Another one bites the dust. The University of Illinois at Urbana-Champaign announced today (May 24) that it will eliminate both its full- and part-time MBA programs to focus more resources on its online MBA and specialty master’s programs. With the move, Illinois Gies becomes the second top-50 U.S. school in the last three years to eliminate its residential MBA program.
Like the University of Iowa, which dropped its full-time MBA in 2017 to redirect resources to its online offering (which launches this fall), Illinois Gies is banking on the continued popularity of its iMBA — and they have good reason to be confident in that popularity. That’s because with a total tuition bill of $22,000, the iMBA is by far the cheapest online MBA from a major university.
Another point in its favor, as far as prospective students are concerned: Applicants to the iMBA do not need to take the Graduate Management Admission Test. That, along with the cost, is part of Illinois’ mission to open up the MBA experience to a wider applicant pool.
“Part of the whole idea of this model is, we wanted to really take seriously one of our core strategies and missions, which is creating access to world-class business education for as many people as we can,” Dean Jeff Brown tells Poets&Quants. “And we are still really committed to that mission. The iMBA is the right format for the times — providing a powerful learning experience with any time/anywhere accessibility at an affordable cost. Given the global reach and accessibility of this program, we are creating what I call ‘the world’s MBA.’
“With this and with our innovation in undergrad, specialized master’s, and lifelong learning, we are playing to our competitive advantages and positioning ourselves for tremendous impact and steady growth. These moves will focus our investment in ways that will make us unquestionably one of a handful of the world’s very best and most innovative business schools.”
DOWNWARD TREND FOR THE FULL-TIME MBA PROGRAM
Why the sea change, or, as Illinois Gies puts it, “strategic shift”? Economics was a major factor, Brown says. Application volume for the Gies full-time MBA has fallen by about 25% since 2016, partly because of the general wane that’s impacting all MBA programs and particularly due to the drop in international interest that has plagued so many schools. In fact, in November, Illinois made headlines when it took out a $400K insurance policy against the further loss of Chinese students amid what Brown told P&Q was an “unprecedented decline.”

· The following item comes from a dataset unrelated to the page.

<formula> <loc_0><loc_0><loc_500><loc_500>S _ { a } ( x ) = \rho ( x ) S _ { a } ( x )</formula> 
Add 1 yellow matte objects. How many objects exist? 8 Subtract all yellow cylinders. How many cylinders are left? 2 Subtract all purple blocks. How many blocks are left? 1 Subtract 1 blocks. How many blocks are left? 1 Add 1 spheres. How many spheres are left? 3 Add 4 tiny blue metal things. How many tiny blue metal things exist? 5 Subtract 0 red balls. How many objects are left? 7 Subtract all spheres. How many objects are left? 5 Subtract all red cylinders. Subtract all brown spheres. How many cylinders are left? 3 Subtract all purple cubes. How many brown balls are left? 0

In its heyday in the 1990s, the Illinois MBA had an enrollment of more than 600. Compare that to today, with fewer than 100, including a fall 2018 intake of just 49 students.
“The full-time market is down pretty substantially from its peak, although some of that might just be a sign of a very strong economy — people don’t want to go back to school,” says Brown, adding that discussions about moving away from the residential programs began about 18 months ago. “We think part of that is also a longer-term decline due to the fact that there is growth in specialized master’s programs. But also, yes, the program was losing money. I don’t want people to think that’s the only reason we made this decision. This was really a decision about where we can most effectively put our staff and faculty resources, our reputation, everything, in order to really build our brand and deliver on our mission.

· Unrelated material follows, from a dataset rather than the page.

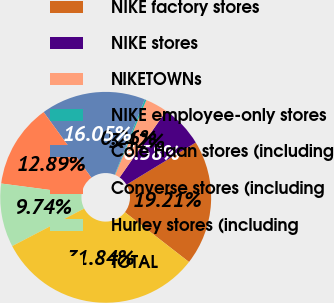Convert chart. <chart><loc_0><loc_0><loc_500><loc_500><pie_chart><fcel>NIKE factory stores<fcel>NIKE stores<fcel>NIKETOWNs<fcel>NIKE employee-only stores<fcel>Cole Haan stores (including<fcel>Converse stores (including<fcel>Hurley stores (including<fcel>TOTAL<nl><fcel>19.21%<fcel>6.58%<fcel>3.42%<fcel>0.26%<fcel>16.05%<fcel>12.89%<fcel>9.74%<fcel>31.84%<nl></chart> 
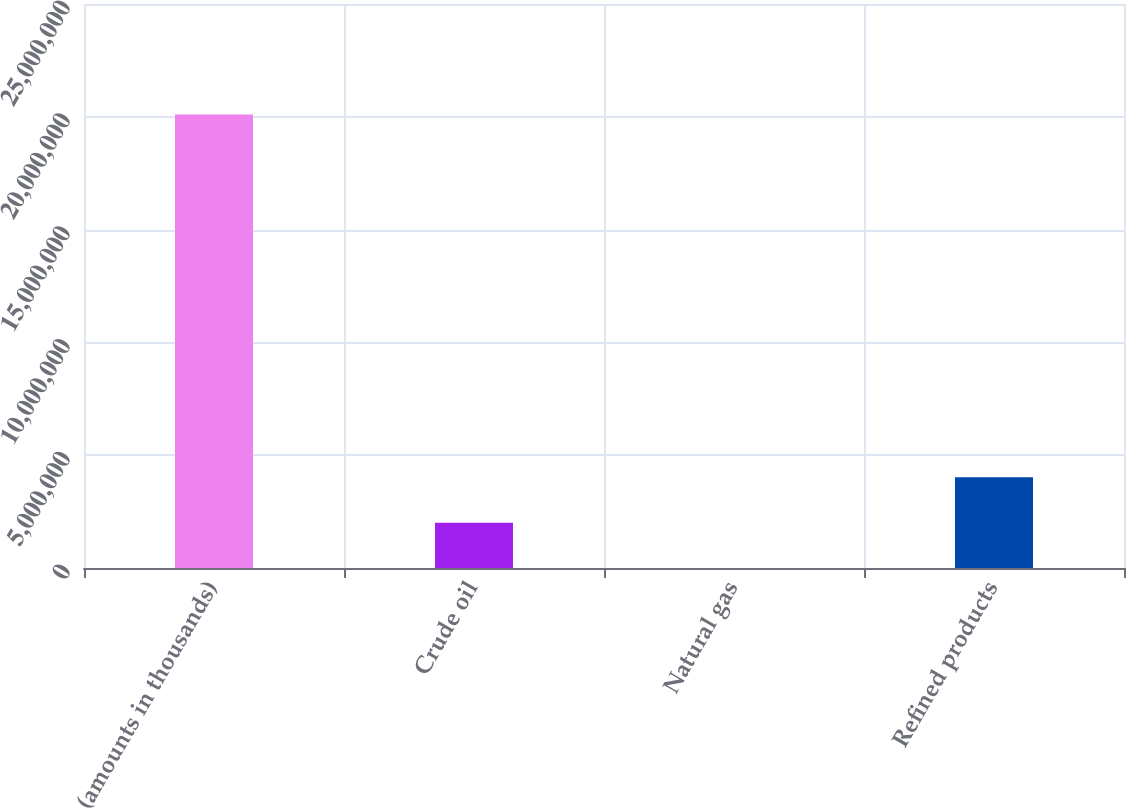Convert chart. <chart><loc_0><loc_0><loc_500><loc_500><bar_chart><fcel>(amounts in thousands)<fcel>Crude oil<fcel>Natural gas<fcel>Refined products<nl><fcel>2.0102e+07<fcel>2.0102e+06<fcel>2<fcel>4.0204e+06<nl></chart>

“But yes, money was a factor. This was not something that was a financial drag on the college. I would say it was small losses for a number of years and it just sort of coincided with the fact that our number of students in the program is down a lot from what it was at its peak in the heyday, 25 years ago.”
Nor has it been a great couple of years in the rankings for the Gies full-time MBA, which was ranked 66th by Poets&Quants last year, a loss of 15 places. That big drop was due in large part to losing two rankings altogether — The Financial Times and Forbes — and suffering an eight-point decline on U.S. News’ 2018 list. The school also dropped 24 places in the 2018 Bloomberg Businessweek ranking, to 69th place. Gies subsequently halted the decline at U.S. News and ranked 47th in that publication’s latest ranking — but along with financial uncertainty and other factors, perhaps the writing was on the wall. The fall 2019 intake will be the last for the Gies full-time MBA, meaning the Class of 2021 will be the last to graduate, Brown says.
FLAGGING INTEREST IN THE PT PROGRAM, TOO
The Illinois Gies part-time program, meanwhile, known as the Professional MBA and ranked 65th by U.S. News, grew to a yearly enrollment of 64 in 2018 but is at about one-third of that this year. (See page 3 for admissions data for the Gies full- and part-time MBAs as well as the iMBA.)
“The full-time and part-time residential MBA programs are excellent, as are the students and alumni of those programs,” Brown says. “Yet market demand for traditional formats is declining nationwide. Meanwhile, demand, as well as the needs of businesses and individuals, is growing in these other areas. We believe in innovating and staying ahead of trends in business education and on top of the needs of business and society.”
Recognizing that the announcement to kill the full- and part-time MBA programs may impact some students’ decision about whether to attend Gies, the school extended the deadline for refunding deposits from June 3 to July 1 and also offered automatic admission into the iMBA as an option.